Finding Joy is the moving story of a mother who travels to China to adopt her daughter. With three almost grown children at home, she and her husband feel their family is not complete and they miss the joy of a baby in the home. Beautifully illustrated by Yong Chen, Marion Coste’s story tells how infant girls in China are often abandoned by families who have surpassed the “one-child” law or have delivered a daughter rather than the longed-for son.


A Forever Family: a True Story of Adoption. John Houghton, $16.00

John Houghton and his wife — middle class, highly educated, well-traveled — learned that they could not have children of their own. Instead they adopted three siblings, two boys and a girl, who were looking for 'a forever family', as the adoption agencies put it. What followed is all too common in adoptive families, but it is rarely talked about in public and has never been described with such transparent honesty as it is in the pages of this remarkable book … This is a story of desperate wanting, of anger and frustrated love. It is written with a kind of plain clarity that is both restrained and emotionally powerful. There is no triumphant victory over pain and loss, but there is, in the end, something like hope — a testament to the difference that two decent people can make by sustaining their commitment to an impossible situation.

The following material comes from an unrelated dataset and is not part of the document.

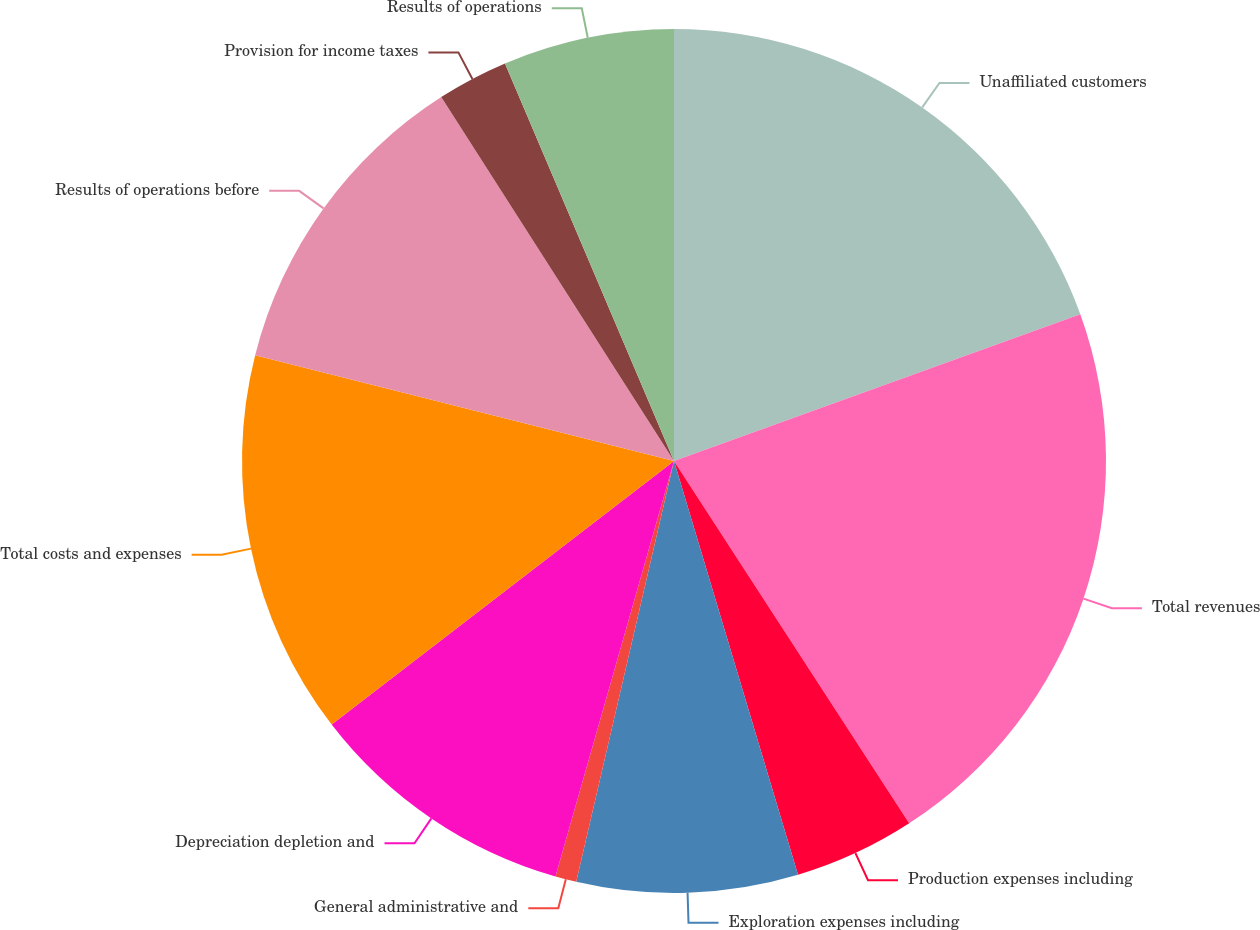<chart> <loc_0><loc_0><loc_500><loc_500><pie_chart><fcel>Unaffiliated customers<fcel>Total revenues<fcel>Production expenses including<fcel>Exploration expenses including<fcel>General administrative and<fcel>Depreciation depletion and<fcel>Total costs and expenses<fcel>Results of operations before<fcel>Provision for income taxes<fcel>Results of operations<nl><fcel>19.49%<fcel>21.36%<fcel>4.53%<fcel>8.27%<fcel>0.79%<fcel>10.14%<fcel>14.38%<fcel>12.01%<fcel>2.66%<fcel>6.4%<nl></chart>

Forever Lily: an Unexpected Mother’s Journey to Adoption in China. Beth Nonte Russell, $15.99

"Will you take her?" she asks.

When Beth Nonte Russell travels to China to help her friend Alex adopt a baby girl from an orphanage there, she thinks it will be an adventure, a chance to see the world. But her friend, who had prepared for the adoption for many months, panics soon after being presented with the frail baby, and the situation develops into one of the greatest challenges of Russell's life … As it becomes clear that her friend — whose indecisiveness about the adoption has become a torment — won't be bringing the baby home, Russell is amazed to realize that she cannot leave the baby behind and that her dreams have been telling her something significant, giving her the courage to open her heart and bring the child home against all odds.

Steeped in Chinese culture, Forever Lily is an extraordinary account of a life-changing, wholly unexpected love.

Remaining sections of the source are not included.